# Extracted material:
+===+
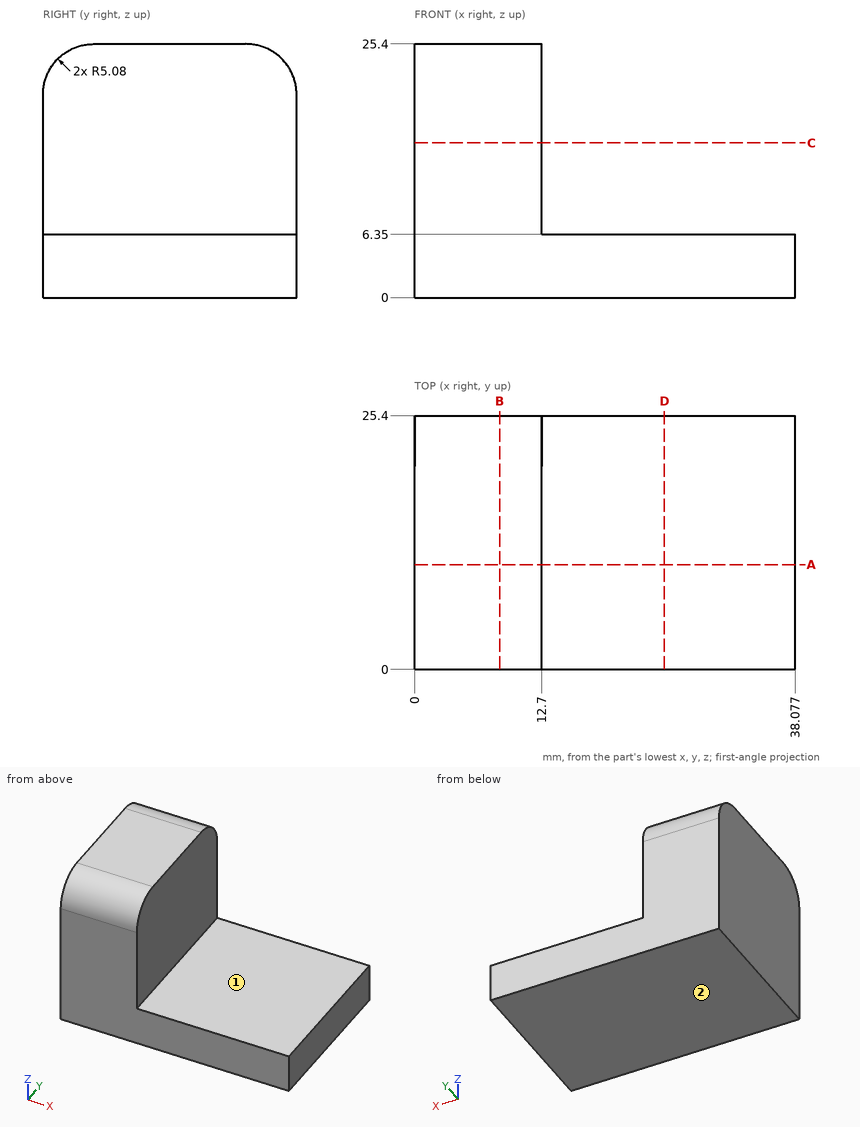
For this review, use the dimensioned drawing (mm, ordinates from the lowest corner) and the shaded views. A direction names the side the tool comes from. Give positions to 0.01 mm unless a question says otherwise; leave off trailing zeros. Loops run counter-clockwise (first coordinate to the right, second up) from the corner with the lowest first, then second, coordinate; pieces in that order, holes last.
Item 1: Take a section at B-B, the plane x = 8.5. State the section outline as (y, z) points.
Item 2: Take a section at A-A, the plane y = 10.5. State the section outline as (x, z) points.
Item 3: Insertion check: pin 1 (9.5 mm diameter, centred on y = 11.5, z = 12, fed in from +X); pin 2 (3 mm diameter, centred on x = 15.5, y = 16, fed in from +Z). Each pin has a flat end and moves straight along its axis. Give the tip position at first contact, or say it passes through.
Item 4: Tool access review of the marked faces 1 and 2: name each direction out of +Z, -Z, +X, -X, +Y, -Y from which nothing blocks a thin tool from reaching the whole face with its end or side.
Item 5: Take a section at D-D, the plane x = 25. State the section outline as (y, z) points, and give its area (3 significant figures).
Item 6: Take a section at C-C, the plane z = 15.5. State the section outline as (x, y) points.
Item 7: For line 1 along X through (y, z) = (16.75, 12.5); line 2 along Z through (x, y) = (20, 11.5); line 3 along Z through (x, y) = (11, 22.5), list the stretches that pass through material, from the lowest coordinate up.
Calculated:
1. outline: (0, 0) - (25.4, 0) - (25.4, 20.32) arc R5.08 ccw to (20.32, 25.4) - (5.08, 25.4) arc R5.08 ccw to (0, 20.32) - close
2. outline: (0, 0) - (38.08, 0) - (38.08, 6.35) - (12.7, 6.35) - (12.7, 25.4) - (0, 25.4) - close
3. pin 1: stops at x = 12.7
3. pin 2: stops at z = 6.35
4. face 1: +Z, +X, +Y, -Y
4. face 2: -Z, +X, -X, +Y, -Y
5. outline: (0, 0) - (25.4, 0) - (25.4, 6.35) - (0, 6.35) - close
5. area: 161 mm2
6. outline: (0, 0) - (12.7, 0) - (12.7, 25.4) - (0, 25.4) - close
7. line 1: x = 0 to 12.7
7. line 2: z = 0 to 6.35
7. line 3: z = 0 to 24.91
+===+
# About this task:
The result should be the full material above, word for word, with its pictures omitted.

# Answer:
For this review, use the dimensioned drawing (mm, ordinates from the lowest corner) and the shaded views. A direction names the side the tool comes from. Give positions to 0.01 mm unless a question says otherwise; leave off trailing zeros. Loops run counter-clockwise (first coordinate to the right, second up) from the corner with the lowest first, then second, coordinate; pieces in that order, holes last.
Item 1: Take a section at B-B, the plane x = 8.5. State the section outline as (y, z) points.
Item 2: Take a section at A-A, the plane y = 10.5. State the section outline as (x, z) points.
Item 3: Insertion check: pin 1 (9.5 mm diameter, centred on y = 11.5, z = 12, fed in from +X); pin 2 (3 mm diameter, centred on x = 15.5, y = 16, fed in from +Z). Each pin has a flat end and moves straight along its axis. Give the tip position at first contact, or say it passes through.
Item 4: Tool access review of the marked faces 1 and 2: name each direction out of +Z, -Z, +X, -X, +Y, -Y from which nothing blocks a thin tool from reaching the whole face with its end or side.
Item 5: Take a section at D-D, the plane x = 25. State the section outline as (y, z) points, and give its area (3 significant figures).
Item 6: Take a section at C-C, the plane z = 15.5. State the section outline as (x, y) points.
Item 7: For line 1 along X through (y, z) = (16.75, 12.5); line 2 along Z through (x, y) = (20, 11.5); line 3 along Z through (x, y) = (11, 22.5), list the stretches that pass through material, from the lowest coordinate up.
Calculated:
1. outline: (0, 0) - (25.4, 0) - (25.4, 20.32) arc R5.08 ccw to (20.32, 25.4) - (5.08, 25.4) arc R5.08 ccw to (0, 20.32) - close
2. outline: (0, 0) - (38.08, 0) - (38.08, 6.35) - (12.7, 6.35) - (12.7, 25.4) - (0, 25.4) - close
3. pin 1: stops at x = 12.7
3. pin 2: stops at z = 6.35
4. face 1: +Z, +X, +Y, -Y
4. face 2: -Z, +X, -X, +Y, -Y
5. outline: (0, 0) - (25.4, 0) - (25.4, 6.35) - (0, 6.35) - close
5. area: 161 mm2
6. outline: (0, 0) - (12.7, 0) - (12.7, 25.4) - (0, 25.4) - close
7. line 1: x = 0 to 12.7
7. line 2: z = 0 to 6.35
7. line 3: z = 0 to 24.91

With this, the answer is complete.